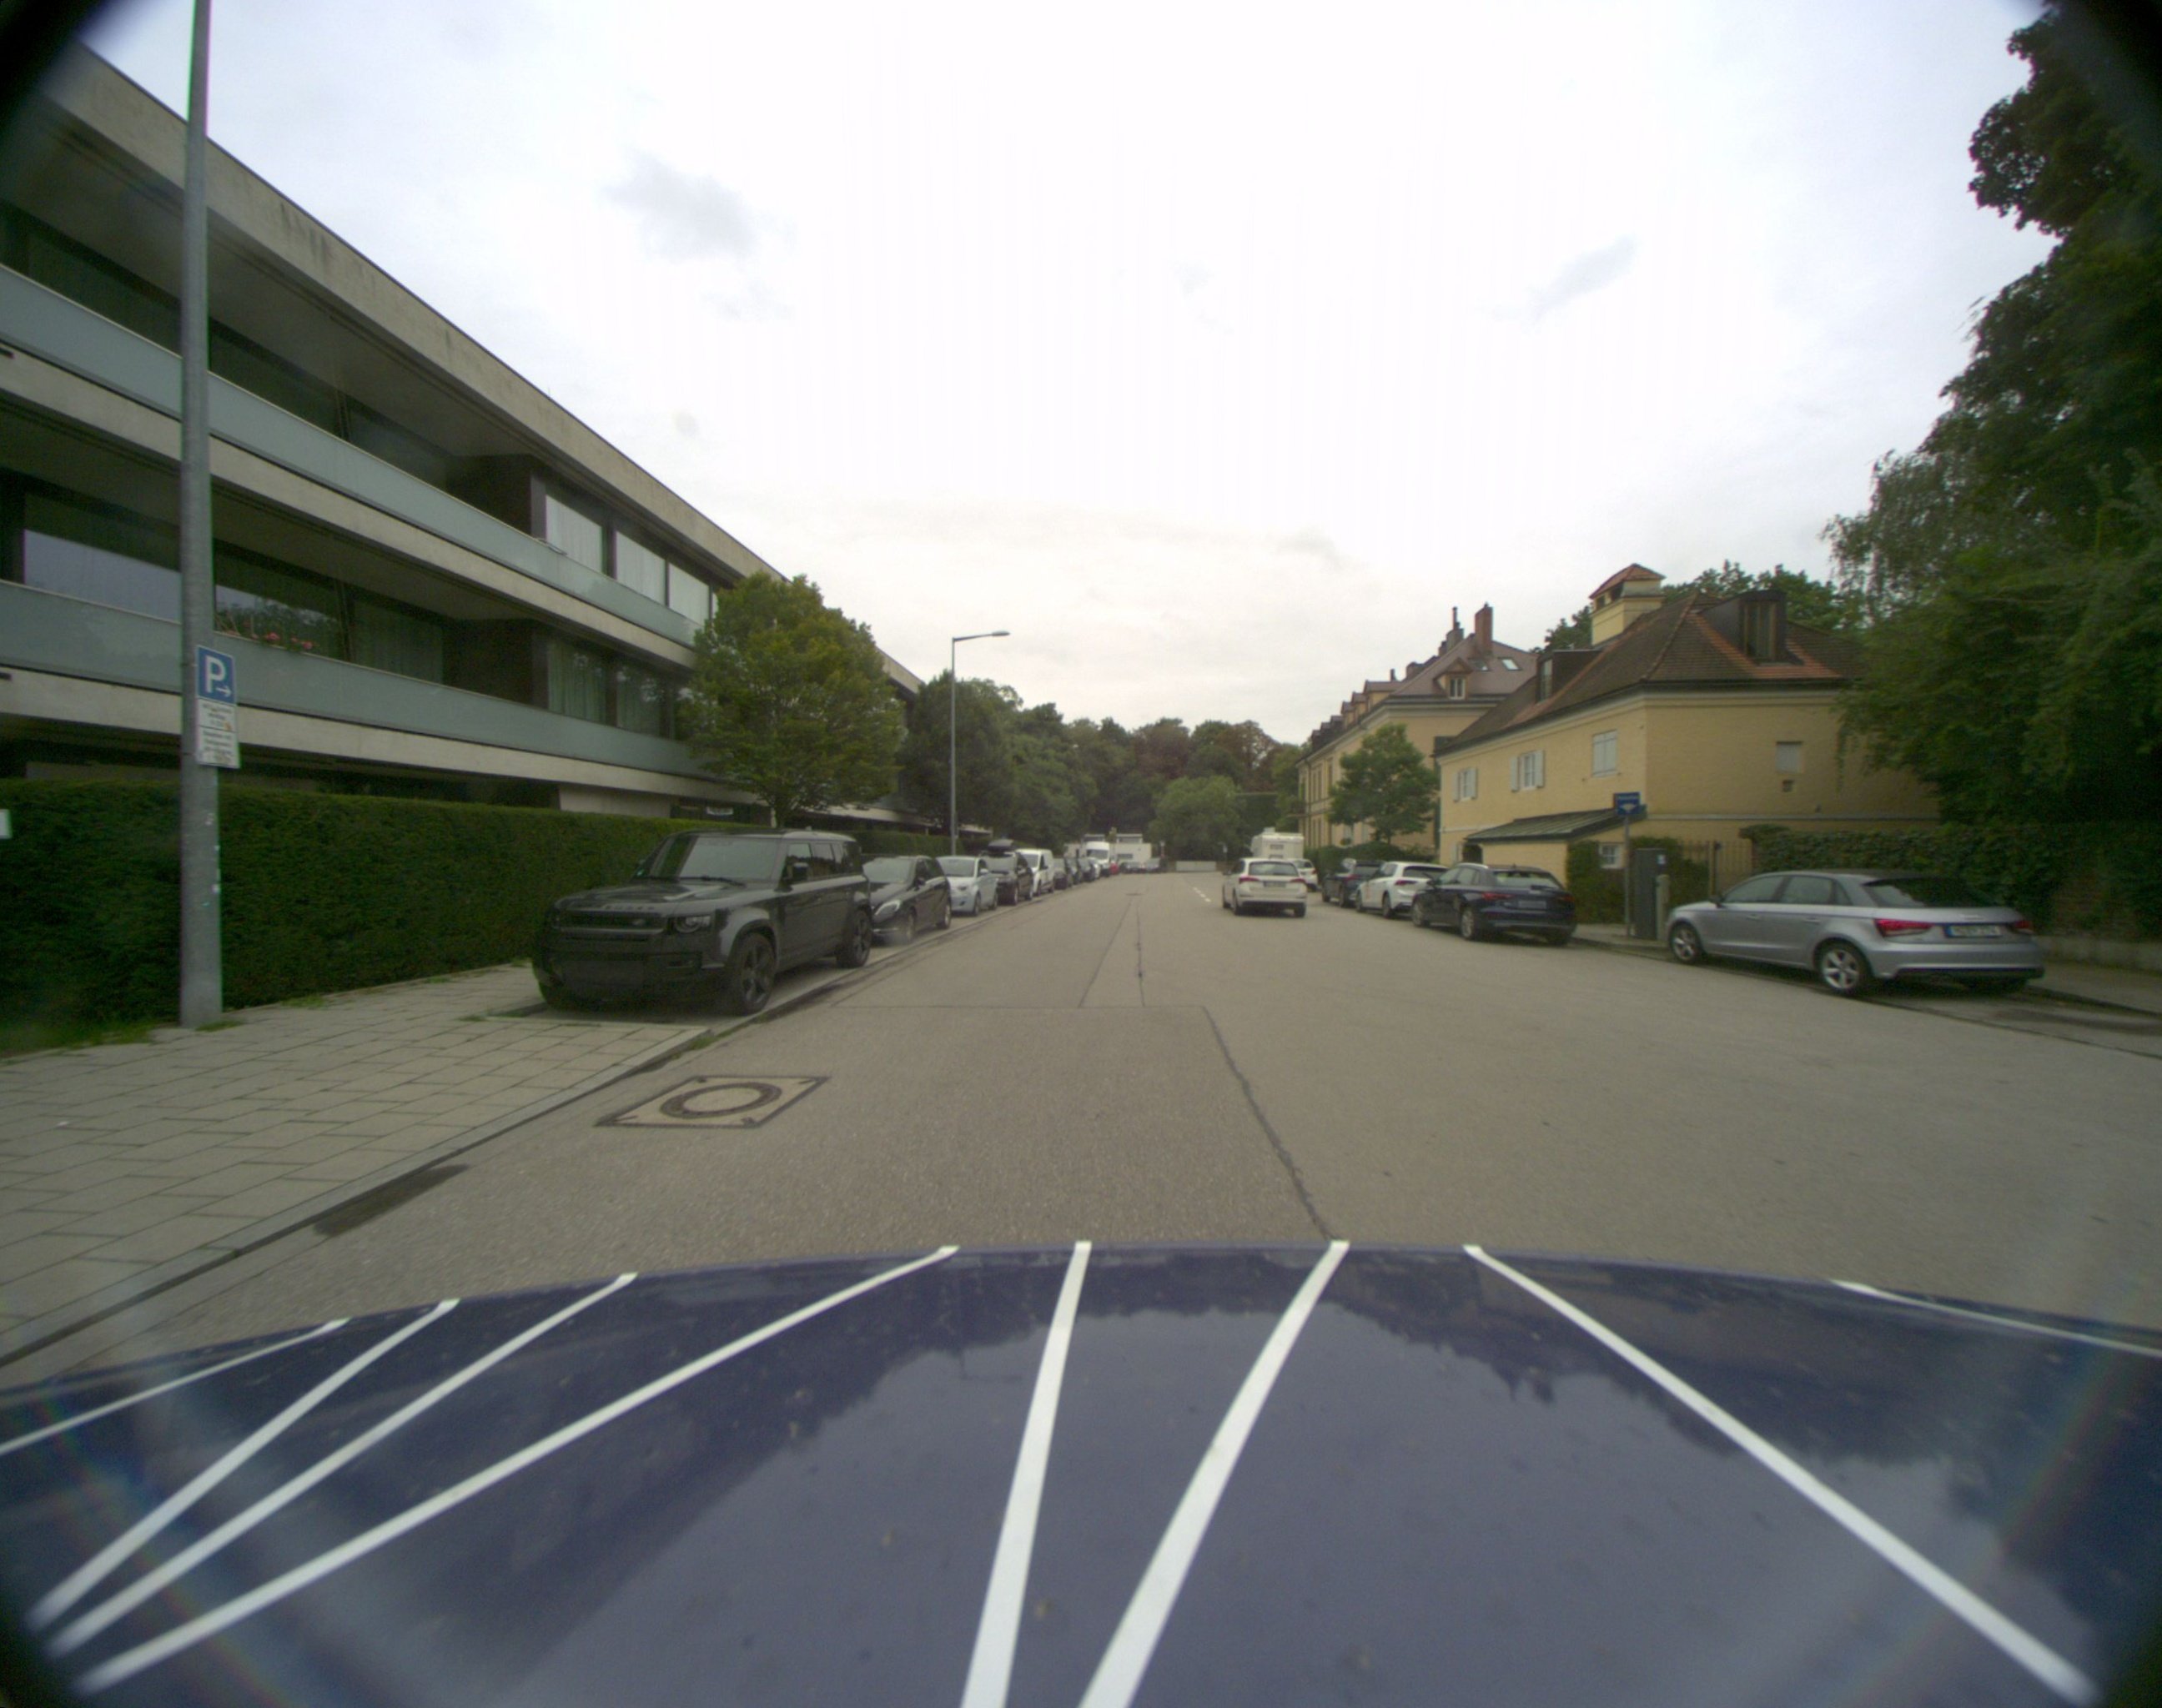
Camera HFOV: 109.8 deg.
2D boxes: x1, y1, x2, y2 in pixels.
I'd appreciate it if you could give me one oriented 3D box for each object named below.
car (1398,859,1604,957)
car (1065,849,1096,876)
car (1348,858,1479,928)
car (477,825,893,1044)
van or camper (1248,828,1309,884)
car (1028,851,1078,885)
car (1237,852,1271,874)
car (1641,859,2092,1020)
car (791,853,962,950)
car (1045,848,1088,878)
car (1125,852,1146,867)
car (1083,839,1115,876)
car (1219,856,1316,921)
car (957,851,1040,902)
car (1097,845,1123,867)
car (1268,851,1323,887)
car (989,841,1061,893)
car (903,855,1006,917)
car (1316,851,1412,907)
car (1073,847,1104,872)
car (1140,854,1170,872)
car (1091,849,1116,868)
[{"bbox_3d":[8.101,0.932,15.247,1.849,1.526,4.563,2,1,5],"label":"car"},{"bbox_3d":[0.029,0.479,46.330,1.283,1.497,5.210,2,0,6],"label":"car"},{"bbox_3d":[8.622,0.918,20.140,1.849,1.526,4.523,2,1,6],"label":"car"},{"bbox_3d":[-4.003,0.642,9.005,1.992,1.860,5.078,-1,1,3],"label":"car"},{"bbox_3d":[11.307,0.074,44.078,2.459,2.924,7.215,2,1,7],"label":"van or camper"},{"bbox_3d":[-1.236,0.600,35.611,1.751,1.455,4.244,1,0,6],"label":"car"},{"bbox_3d":[12.885,0.621,56.871,1.939,1.526,4.533,2,1,7],"label":"car"},{"bbox_3d":[9.636,0.893,9.941,1.744,1.526,4.150,2,1,5],"label":"car"},{"bbox_3d":[-3.606,0.749,14.366,1.752,1.530,4.570,0,0,3],"label":"car"},{"bbox_3d":[-0.727,0.457,40.928,1.730,1.520,4.206,2,0,6],"label":"car"},{"bbox_3d":[5.866,0.593,81.773,1.896,1.438,4.269,-2,-1,0],"label":"car"},{"bbox_3d":[1.464,0.249,59.167,2.084,2.671,6.090,2,0,5],"label":"car"},{"bbox_3d":[4.733,0.821,19.853,1.776,1.466,4.134,0,1,4],"label":"car"},{"bbox_3d":[-2.554,0.670,24.653,1.751,1.472,4.600,-1,0,6],"label":"car"},{"bbox_3d":[2.724,0.228,70.567,1.938,1.893,5.075,2,0,7],"label":"car"},{"bbox_3d":[10.137,0.659,36.151,1.782,1.526,4.230,2,1,6],"label":"car"},{"bbox_3d":[-2.087,0.463,29.785,1.826,1.850,4.900,-1,0,7],"label":"car"},{"bbox_3d":[-3.225,0.761,20.082,1.751,1.472,3.889,0,0,5],"label":"car"},{"bbox_3d":[9.154,0.743,24.931,1.849,1.526,4.442,2,1,6],"label":"car"},{"bbox_3d":[0.585,0.382,52.515,1.875,1.560,5.003,2,0,3],"label":"car"},{"bbox_3d":[7.432,0.899,75.715,1.995,1.682,4.342,0,-2,19],"label":"car"},{"bbox_3d":[1.968,0.399,65.382,1.874,1.498,4.840,2,0,5],"label":"car"}]

* * * * * * * * *

Directions for this task:
What is wanted is the listing, written out exactly, with each picture removed.

Task response:
Camera HFOV: 109.8 deg.
2D boxes: x1, y1, x2, y2 in pixels.
I'd appreciate it if you could give me one oriented 3D box for each object named below.
car (1398,859,1604,957)
car (1065,849,1096,876)
car (1348,858,1479,928)
car (477,825,893,1044)
van or camper (1248,828,1309,884)
car (1028,851,1078,885)
car (1237,852,1271,874)
car (1641,859,2092,1020)
car (791,853,962,950)
car (1045,848,1088,878)
car (1125,852,1146,867)
car (1083,839,1115,876)
car (1219,856,1316,921)
car (957,851,1040,902)
car (1097,845,1123,867)
car (1268,851,1323,887)
car (989,841,1061,893)
car (903,855,1006,917)
car (1316,851,1412,907)
car (1073,847,1104,872)
car (1140,854,1170,872)
car (1091,849,1116,868)
[{"bbox_3d":[8.101,0.932,15.247,1.849,1.526,4.563,2,1,5],"label":"car"},{"bbox_3d":[0.029,0.479,46.330,1.283,1.497,5.210,2,0,6],"label":"car"},{"bbox_3d":[8.622,0.918,20.140,1.849,1.526,4.523,2,1,6],"label":"car"},{"bbox_3d":[-4.003,0.642,9.005,1.992,1.860,5.078,-1,1,3],"label":"car"},{"bbox_3d":[11.307,0.074,44.078,2.459,2.924,7.215,2,1,7],"label":"van or camper"},{"bbox_3d":[-1.236,0.600,35.611,1.751,1.455,4.244,1,0,6],"label":"car"},{"bbox_3d":[12.885,0.621,56.871,1.939,1.526,4.533,2,1,7],"label":"car"},{"bbox_3d":[9.636,0.893,9.941,1.744,1.526,4.150,2,1,5],"label":"car"},{"bbox_3d":[-3.606,0.749,14.366,1.752,1.530,4.570,0,0,3],"label":"car"},{"bbox_3d":[-0.727,0.457,40.928,1.730,1.520,4.206,2,0,6],"label":"car"},{"bbox_3d":[5.866,0.593,81.773,1.896,1.438,4.269,-2,-1,0],"label":"car"},{"bbox_3d":[1.464,0.249,59.167,2.084,2.671,6.090,2,0,5],"label":"car"},{"bbox_3d":[4.733,0.821,19.853,1.776,1.466,4.134,0,1,4],"label":"car"},{"bbox_3d":[-2.554,0.670,24.653,1.751,1.472,4.600,-1,0,6],"label":"car"},{"bbox_3d":[2.724,0.228,70.567,1.938,1.893,5.075,2,0,7],"label":"car"},{"bbox_3d":[10.137,0.659,36.151,1.782,1.526,4.230,2,1,6],"label":"car"},{"bbox_3d":[-2.087,0.463,29.785,1.826,1.850,4.900,-1,0,7],"label":"car"},{"bbox_3d":[-3.225,0.761,20.082,1.751,1.472,3.889,0,0,5],"label":"car"},{"bbox_3d":[9.154,0.743,24.931,1.849,1.526,4.442,2,1,6],"label":"car"},{"bbox_3d":[0.585,0.382,52.515,1.875,1.560,5.003,2,0,3],"label":"car"},{"bbox_3d":[7.432,0.899,75.715,1.995,1.682,4.342,0,-2,19],"label":"car"},{"bbox_3d":[1.968,0.399,65.382,1.874,1.498,4.840,2,0,5],"label":"car"}]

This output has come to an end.